Despite a growing focus on nutrition, we seem to be more clueless than ever on what foods can actually provide a balanced diet. So how can we make sure we’re eating healthy and still getting the nutrients our bodies need to operate at their full potential?

“It’s a pretty intriguing question because needs vary quite a bit and have a lot to do with what kind of a lifestyle people lead and what kind of dietary intake they have,” says Dr. Mitch Dunnick of Family Medical Care, which is affiliated with St. John Health System.

“We’re finding out a lot about vitamin D. Studies and research show that people who don’t get outside a lot are seeing vitamin D deficiency, and it’s becoming more common.”
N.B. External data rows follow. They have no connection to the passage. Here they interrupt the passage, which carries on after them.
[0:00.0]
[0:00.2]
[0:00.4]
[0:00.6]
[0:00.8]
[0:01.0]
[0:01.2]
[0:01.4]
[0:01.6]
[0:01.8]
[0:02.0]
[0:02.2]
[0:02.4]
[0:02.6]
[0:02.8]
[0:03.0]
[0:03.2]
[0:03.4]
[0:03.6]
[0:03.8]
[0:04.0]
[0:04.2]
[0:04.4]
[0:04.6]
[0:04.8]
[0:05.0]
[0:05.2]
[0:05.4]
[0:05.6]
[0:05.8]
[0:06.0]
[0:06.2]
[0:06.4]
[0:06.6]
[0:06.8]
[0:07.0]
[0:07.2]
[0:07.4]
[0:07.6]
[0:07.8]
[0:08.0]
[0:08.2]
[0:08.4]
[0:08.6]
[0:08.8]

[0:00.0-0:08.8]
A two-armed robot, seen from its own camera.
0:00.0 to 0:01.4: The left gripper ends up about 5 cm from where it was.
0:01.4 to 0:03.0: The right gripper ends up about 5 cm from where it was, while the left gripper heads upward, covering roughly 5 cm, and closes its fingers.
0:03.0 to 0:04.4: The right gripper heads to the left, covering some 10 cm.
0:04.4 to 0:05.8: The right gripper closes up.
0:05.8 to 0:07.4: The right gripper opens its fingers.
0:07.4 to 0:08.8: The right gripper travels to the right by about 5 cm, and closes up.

Fran Olsen Sharp, a dietitian at Peggy and Charles Stephenson Oklahoma Cancer Center, recommends introducing vitamin D-fortified foods as a way to increase the consumption of the nutrient.

“Things like vitamin D-enriched milk can really help boost those levels,” she says.

Olsen Sharp also recommends working toward adding fiber to the daily diet to increase our overall nutrient intake.

“Most people need 25 to 30 grams of fiber a day from food sources,” she says. “Once we increase the foods that are naturally high in fiber in our diet, we automatically increase the amount of vitamins and minerals.”

She says small changes, such as eating brown rice instead of white rice and consuming the skins of vegetables such as potatoes and cucumbers, can make a large difference in the amount of fiber taken in daily.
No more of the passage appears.